### What you need to do
Repeat the entries that follow, exactly as they are written.
- Opening Delimiter -
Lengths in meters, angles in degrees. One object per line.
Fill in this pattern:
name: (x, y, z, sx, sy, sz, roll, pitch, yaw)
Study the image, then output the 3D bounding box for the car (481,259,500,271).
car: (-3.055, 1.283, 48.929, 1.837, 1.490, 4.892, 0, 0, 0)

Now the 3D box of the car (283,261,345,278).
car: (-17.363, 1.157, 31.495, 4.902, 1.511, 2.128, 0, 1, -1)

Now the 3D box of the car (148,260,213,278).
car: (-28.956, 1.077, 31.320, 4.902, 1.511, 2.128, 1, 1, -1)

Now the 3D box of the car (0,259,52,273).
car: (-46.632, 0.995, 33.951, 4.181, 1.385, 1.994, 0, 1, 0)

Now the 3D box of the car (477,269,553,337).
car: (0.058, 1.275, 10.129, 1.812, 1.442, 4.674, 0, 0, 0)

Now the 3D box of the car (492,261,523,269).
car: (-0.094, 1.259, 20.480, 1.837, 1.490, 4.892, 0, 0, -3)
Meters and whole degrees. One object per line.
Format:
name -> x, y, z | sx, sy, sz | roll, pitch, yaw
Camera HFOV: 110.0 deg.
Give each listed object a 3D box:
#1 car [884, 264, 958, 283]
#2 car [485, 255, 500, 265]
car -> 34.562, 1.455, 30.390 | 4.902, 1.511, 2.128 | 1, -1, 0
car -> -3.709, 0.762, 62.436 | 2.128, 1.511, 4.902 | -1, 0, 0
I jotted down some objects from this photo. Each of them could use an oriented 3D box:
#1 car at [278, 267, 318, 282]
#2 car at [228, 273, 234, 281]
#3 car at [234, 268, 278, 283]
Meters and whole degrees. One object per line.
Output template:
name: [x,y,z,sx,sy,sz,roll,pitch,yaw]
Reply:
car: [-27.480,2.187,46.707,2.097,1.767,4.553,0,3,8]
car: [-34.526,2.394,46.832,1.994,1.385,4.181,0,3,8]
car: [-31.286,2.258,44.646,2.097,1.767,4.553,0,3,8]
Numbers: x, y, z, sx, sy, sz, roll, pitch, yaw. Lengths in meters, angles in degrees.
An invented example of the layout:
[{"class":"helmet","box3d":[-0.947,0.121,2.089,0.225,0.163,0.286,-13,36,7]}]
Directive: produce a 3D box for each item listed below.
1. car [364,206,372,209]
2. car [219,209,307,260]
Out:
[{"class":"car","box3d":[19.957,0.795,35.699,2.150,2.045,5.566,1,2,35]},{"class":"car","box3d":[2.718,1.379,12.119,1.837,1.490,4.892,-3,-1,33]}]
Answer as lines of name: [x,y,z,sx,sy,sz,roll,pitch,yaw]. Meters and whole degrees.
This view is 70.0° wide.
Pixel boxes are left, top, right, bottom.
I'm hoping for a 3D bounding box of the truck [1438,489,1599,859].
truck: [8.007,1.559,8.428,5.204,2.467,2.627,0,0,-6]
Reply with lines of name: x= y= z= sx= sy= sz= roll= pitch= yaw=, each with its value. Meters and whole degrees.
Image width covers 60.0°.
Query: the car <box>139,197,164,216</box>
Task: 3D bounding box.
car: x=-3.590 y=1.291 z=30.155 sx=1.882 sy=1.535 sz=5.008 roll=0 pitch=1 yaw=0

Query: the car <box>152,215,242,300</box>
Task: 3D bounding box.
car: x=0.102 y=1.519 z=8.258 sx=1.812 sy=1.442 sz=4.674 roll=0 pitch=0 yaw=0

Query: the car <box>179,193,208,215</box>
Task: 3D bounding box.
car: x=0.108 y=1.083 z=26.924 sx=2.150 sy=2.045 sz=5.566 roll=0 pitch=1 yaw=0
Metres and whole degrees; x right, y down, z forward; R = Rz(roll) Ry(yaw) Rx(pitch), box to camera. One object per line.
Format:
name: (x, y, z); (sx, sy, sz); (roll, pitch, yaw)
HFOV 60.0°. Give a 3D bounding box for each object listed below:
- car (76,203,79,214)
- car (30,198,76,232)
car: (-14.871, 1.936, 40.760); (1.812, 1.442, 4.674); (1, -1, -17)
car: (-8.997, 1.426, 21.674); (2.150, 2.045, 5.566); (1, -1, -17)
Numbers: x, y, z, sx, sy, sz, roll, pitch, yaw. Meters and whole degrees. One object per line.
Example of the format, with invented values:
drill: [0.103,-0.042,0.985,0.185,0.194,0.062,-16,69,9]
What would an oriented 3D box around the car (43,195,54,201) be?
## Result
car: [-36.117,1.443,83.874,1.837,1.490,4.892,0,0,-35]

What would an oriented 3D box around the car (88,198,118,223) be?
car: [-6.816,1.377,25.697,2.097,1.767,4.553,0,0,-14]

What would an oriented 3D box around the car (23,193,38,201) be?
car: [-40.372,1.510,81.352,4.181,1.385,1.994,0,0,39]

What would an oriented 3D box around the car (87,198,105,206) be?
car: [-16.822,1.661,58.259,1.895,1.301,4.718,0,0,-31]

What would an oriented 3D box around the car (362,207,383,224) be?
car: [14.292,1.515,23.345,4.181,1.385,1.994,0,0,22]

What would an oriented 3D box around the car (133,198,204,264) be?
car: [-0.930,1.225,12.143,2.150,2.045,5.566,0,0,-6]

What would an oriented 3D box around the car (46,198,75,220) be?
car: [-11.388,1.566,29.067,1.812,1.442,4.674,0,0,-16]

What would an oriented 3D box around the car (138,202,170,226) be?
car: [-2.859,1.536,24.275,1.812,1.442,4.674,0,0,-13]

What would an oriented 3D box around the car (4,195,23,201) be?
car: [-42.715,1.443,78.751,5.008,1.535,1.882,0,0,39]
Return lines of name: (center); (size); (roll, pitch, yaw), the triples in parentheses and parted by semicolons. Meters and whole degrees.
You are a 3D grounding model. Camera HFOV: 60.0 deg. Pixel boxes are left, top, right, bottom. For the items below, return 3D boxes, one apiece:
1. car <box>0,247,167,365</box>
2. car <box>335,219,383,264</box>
- Closing Delimiter -
### Expected answer
Lengths in meters, angles in degrees. One object per line.
Fill in this pattern:
name: (x, y, z, sx, sy, sz, roll, pitch, yaw)
Study the image, then output the 3D bounding box for the car (481,259,500,271).
car: (-3.055, 1.283, 48.929, 1.837, 1.490, 4.892, 0, 0, 0)

Now the 3D box of the car (283,261,345,278).
car: (-17.363, 1.157, 31.495, 4.902, 1.511, 2.128, 0, 1, -1)

Now the 3D box of the car (148,260,213,278).
car: (-28.956, 1.077, 31.320, 4.902, 1.511, 2.128, 1, 1, -1)

Now the 3D box of the car (0,259,52,273).
car: (-46.632, 0.995, 33.951, 4.181, 1.385, 1.994, 0, 1, 0)

Now the 3D box of the car (477,269,553,337).
car: (0.058, 1.275, 10.129, 1.812, 1.442, 4.674, 0, 0, 0)

Now the 3D box of the car (492,261,523,269).
car: (-0.094, 1.259, 20.480, 1.837, 1.490, 4.892, 0, 0, -3)
Meters and whole degrees. One object per line.
Format:
name -> x, y, z | sx, sy, sz | roll, pitch, yaw
Camera HFOV: 110.0 deg.
Give each listed object a 3D box:
#1 car [884, 264, 958, 283]
#2 car [485, 255, 500, 265]
car -> 34.562, 1.455, 30.390 | 4.902, 1.511, 2.128 | 1, -1, 0
car -> -3.709, 0.762, 62.436 | 2.128, 1.511, 4.902 | -1, 0, 0
I jotted down some objects from this photo. Each of them could use an oriented 3D box:
#1 car at [278, 267, 318, 282]
#2 car at [228, 273, 234, 281]
#3 car at [234, 268, 278, 283]
Meters and whole degrees. One object per line.
Output template:
name: [x,y,z,sx,sy,sz,roll,pitch,yaw]
Reply:
car: [-27.480,2.187,46.707,2.097,1.767,4.553,0,3,8]
car: [-34.526,2.394,46.832,1.994,1.385,4.181,0,3,8]
car: [-31.286,2.258,44.646,2.097,1.767,4.553,0,3,8]
Numbers: x, y, z, sx, sy, sz, roll, pitch, yaw. Lengths in meters, angles in degrees.
An invented example of the layout:
[{"class":"helmet","box3d":[-0.947,0.121,2.089,0.225,0.163,0.286,-13,36,7]}]
Directive: produce a 3D box for each item listed below.
1. car [364,206,372,209]
2. car [219,209,307,260]
Out:
[{"class":"car","box3d":[19.957,0.795,35.699,2.150,2.045,5.566,1,2,35]},{"class":"car","box3d":[2.718,1.379,12.119,1.837,1.490,4.892,-3,-1,33]}]
Answer as lines of name: [x,y,z,sx,sy,sz,roll,pitch,yaw]. Meters and whole degrees.
This view is 70.0° wide.
Pixel boxes are left, top, right, bottom.
I'm hoping for a 3D bounding box of the truck [1438,489,1599,859].
truck: [8.007,1.559,8.428,5.204,2.467,2.627,0,0,-6]
Reply with lines of name: x= y= z= sx= sy= sz= roll= pitch= yaw=, each with its value. Meters and whole degrees.
Image width covers 60.0°.
Query: the car <box>139,197,164,216</box>
Task: 3D bounding box.
car: x=-3.590 y=1.291 z=30.155 sx=1.882 sy=1.535 sz=5.008 roll=0 pitch=1 yaw=0

Query: the car <box>152,215,242,300</box>
Task: 3D bounding box.
car: x=0.102 y=1.519 z=8.258 sx=1.812 sy=1.442 sz=4.674 roll=0 pitch=0 yaw=0

Query: the car <box>179,193,208,215</box>
Task: 3D bounding box.
car: x=0.108 y=1.083 z=26.924 sx=2.150 sy=2.045 sz=5.566 roll=0 pitch=1 yaw=0
Metres and whole degrees; x right, y down, z forward; R = Rz(roll) Ry(yaw) Rx(pitch), box to camera. One object per line.
Format:
name: (x, y, z); (sx, sy, sz); (roll, pitch, yaw)
HFOV 60.0°. Give a 3D bounding box for each object listed below:
- car (76,203,79,214)
- car (30,198,76,232)
car: (-14.871, 1.936, 40.760); (1.812, 1.442, 4.674); (1, -1, -17)
car: (-8.997, 1.426, 21.674); (2.150, 2.045, 5.566); (1, -1, -17)
Numbers: x, y, z, sx, sy, sz, roll, pitch, yaw. Meters and whole degrees. One object per line.
Example of the format, with invented values:
drill: [0.103,-0.042,0.985,0.185,0.194,0.062,-16,69,9]
What would an oriented 3D box around the car (43,195,54,201) be?
## Result
car: [-36.117,1.443,83.874,1.837,1.490,4.892,0,0,-35]

What would an oriented 3D box around the car (88,198,118,223) be?
car: [-6.816,1.377,25.697,2.097,1.767,4.553,0,0,-14]

What would an oriented 3D box around the car (23,193,38,201) be?
car: [-40.372,1.510,81.352,4.181,1.385,1.994,0,0,39]

What would an oriented 3D box around the car (87,198,105,206) be?
car: [-16.822,1.661,58.259,1.895,1.301,4.718,0,0,-31]

What would an oriented 3D box around the car (362,207,383,224) be?
car: [14.292,1.515,23.345,4.181,1.385,1.994,0,0,22]

What would an oriented 3D box around the car (133,198,204,264) be?
car: [-0.930,1.225,12.143,2.150,2.045,5.566,0,0,-6]

What would an oriented 3D box around the car (46,198,75,220) be?
car: [-11.388,1.566,29.067,1.812,1.442,4.674,0,0,-16]

What would an oriented 3D box around the car (138,202,170,226) be?
car: [-2.859,1.536,24.275,1.812,1.442,4.674,0,0,-13]

What would an oriented 3D box around the car (4,195,23,201) be?
car: [-42.715,1.443,78.751,5.008,1.535,1.882,0,0,39]
Return lines of name: (center); (size); (roll, pitch, yaw), the triples in parentheses and parted by semicolons. Meters and whole degrees.
You are a 3D grounding model. Camera HFOV: 60.0 deg. Pixel boxes are left, top, right, bottom. For the items below, return 3D boxes, one apiece:
1. car <box>0,247,167,365</box>
2. car <box>335,219,383,264</box>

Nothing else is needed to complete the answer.